Bedeutet aber auch: Rangnick wird dann kein Büro mehr in Leipzig haben. Und auch keine Entscheidungskompetenz. Denn für Leipzig ist er offiziell nicht mehr zuständig, verliert dort alle Kompetenzen. Sein neuer Vertrag läuft auch nicht über RasenBallsport, sondern über Red Bull. Rangnick über seine neue Aufgabe: Ich habe in der Winterpause drüber nachgedacht, was die Rückrunde bringt und gegebenenfalls die Zeit danach. Dann ist der Gedanke gereift, dass ich eine neue reizvolle Aufgabe brauche. Aber es ging mir auch um die Weiterentwicklung der Standorte. Ich sehe viel Synergie- und Steigerungspotentiale in meinem neuen Job.

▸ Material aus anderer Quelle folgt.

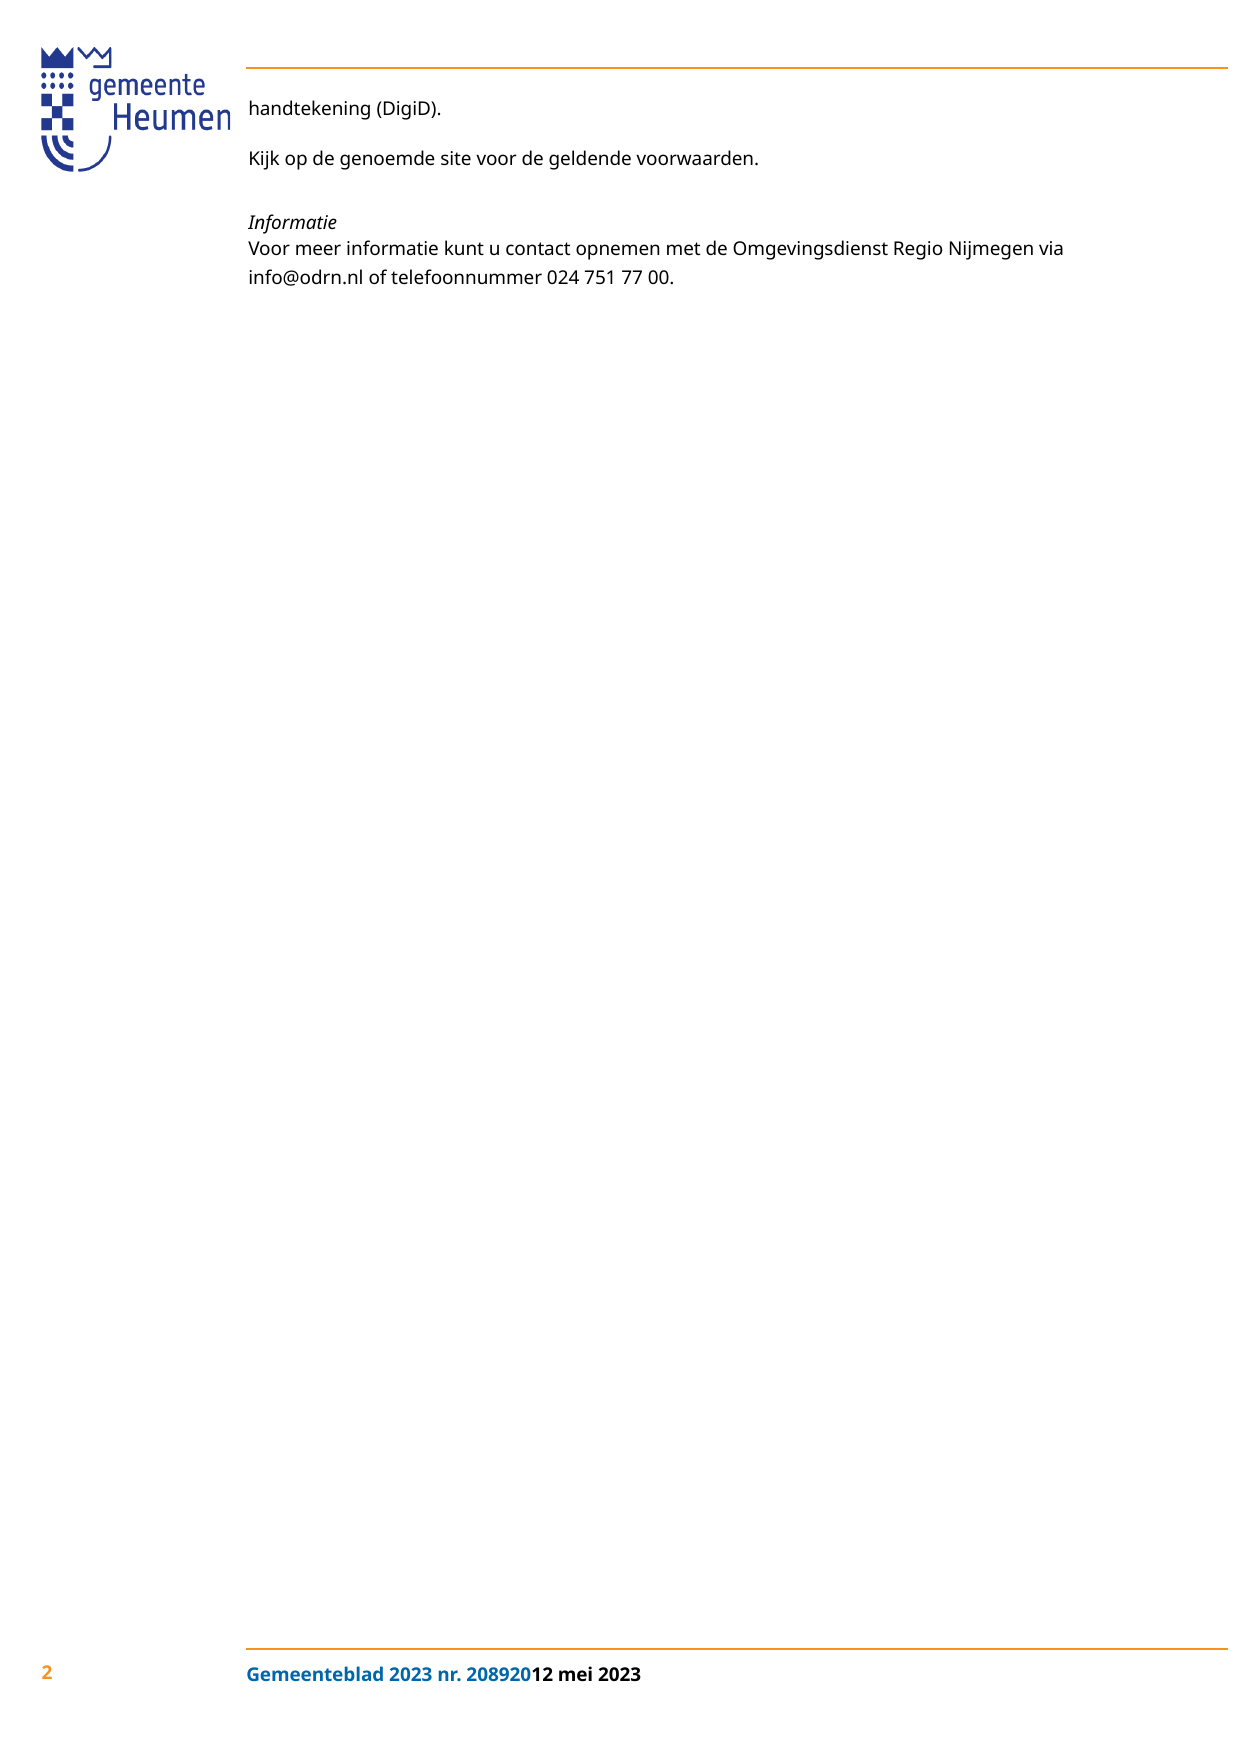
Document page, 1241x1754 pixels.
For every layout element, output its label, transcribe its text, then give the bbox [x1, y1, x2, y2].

Seinen Job als Trainer übernimmt Julian Nagelsmann (31/kommt aus Hoffenheim). Als Sportdirektor wird heute Markus Krösche (38/Paderborn) vorgestellt.

“Das ist eine extrem reizvolle und fordernde Aufgabe für mich”, sagte Rangnick, der künftig beim Red-Bull-Konzern angestellt sein wird, bei einer außerplanmäßigen Pressekonferenz am Dienstag. RB-Geschäftsführer Oliver Mintzlaff ergänzte: “Ich sehe es mehr mit einem weinenden Auge, denn ich hätte Ralf gerne dauerhaft in Leipzig gesehen. Aber durch die enge Kooperation mit den anderen Standorten gibt es auch einen Mehrwert für RB Leipzig.”

Vorteil für Leipzig allerdings: Rangnick wird sein Wissen und seine Erfahrung weltweit einbringen und die Standorte in Bragantino und New York ausbauen. Die sollen künftig als Talente-Lieferanten für Leipzig und Salzburg agieren.